When Hovland finds himself struggling, he always stands in front of a mirror and does swing reps in slow motion, feeling the changes and grooves of each movement until he is comfortable speeding it up. He doesn’t have your traditional player-coach relationships, consulting different experts to help him grow. And on Monday, three days before the first major of the year, he was there on the Augusta practice field for hours and hours, stopping his swing in slow motion midway with Dahlquist discussing positions and elbow angles as if working with a golfer. start again from the beggining.
“If I look for my swing tomorrow afternoon, there’s a good chance I won’t find it,” Scheffler said of his own process.
This was supposed to be Hovland’s year. And that may still be the case. But did he hold back while trying to leap forward?
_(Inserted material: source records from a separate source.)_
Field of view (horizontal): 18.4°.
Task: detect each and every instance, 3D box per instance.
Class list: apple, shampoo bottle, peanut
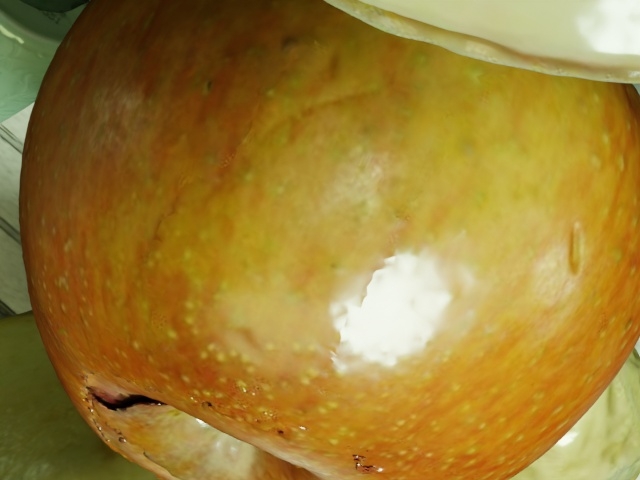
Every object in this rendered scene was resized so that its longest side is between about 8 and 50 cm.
[{"bbox_3d":[0.000,0.000,0.630,0.210,0.173,0.235,23,167,11],"label":"apple"},{"bbox_3d":[-0.156,-0.066,0.819,0.069,0.041,0.190,34,149,-16],"label":"shampoo bottle"},{"bbox_3d":[0.094,0.081,0.793,0.080,0.080,0.174,19,150,18],"label":"peanut"}]

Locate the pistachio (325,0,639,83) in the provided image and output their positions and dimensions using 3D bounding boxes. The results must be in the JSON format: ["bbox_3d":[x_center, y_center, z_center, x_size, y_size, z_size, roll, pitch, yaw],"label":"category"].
[{"bbox_3d":[0.073,-0.098,0.502,0.185,0.126,0.108,1,165,4],"label":"pistachio"}]

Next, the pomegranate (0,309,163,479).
[{"bbox_3d":[-0.084,0.193,0.854,0.332,0.332,0.332,21,147,14],"label":"pomegranate"}]

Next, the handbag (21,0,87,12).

Yes, Hovland believes hitting the ball is the best indicator of future success, and he’s right, but as he admitted: “At the end of the day, we’re golfers, we’re not ball strikers.” » Because the same things that make Hovland a golf savant – technical excellence, obsession with details and a desire to keep learning – can be the things that bring a player down. Hovland came to the top with curiosity, and now he may be too involved.
Hovland’s defense in all of this is that he is in the middle of a process to create a more sustainable game of golf. It may not be ready by April, but the hope is that it will keep it going for much longer than a two-month heat-up.
He will still spend hours and hours at the booth trying to find the answers, joking that he often keeps going until he gets too tired or finds those answers. The goal in all of this is to reach the point where there are no more swing thoughts, no more worries in the back of your mind, just “blackout” and good golf.
In reality, he won’t find those answers by Thursday. The question is whether he can compete for a green jacket anyway.
“Now I played some really, really good golf again and I had to think about some things,” Hovland said. “So it’s not like I’m excluding myself from a tournament.”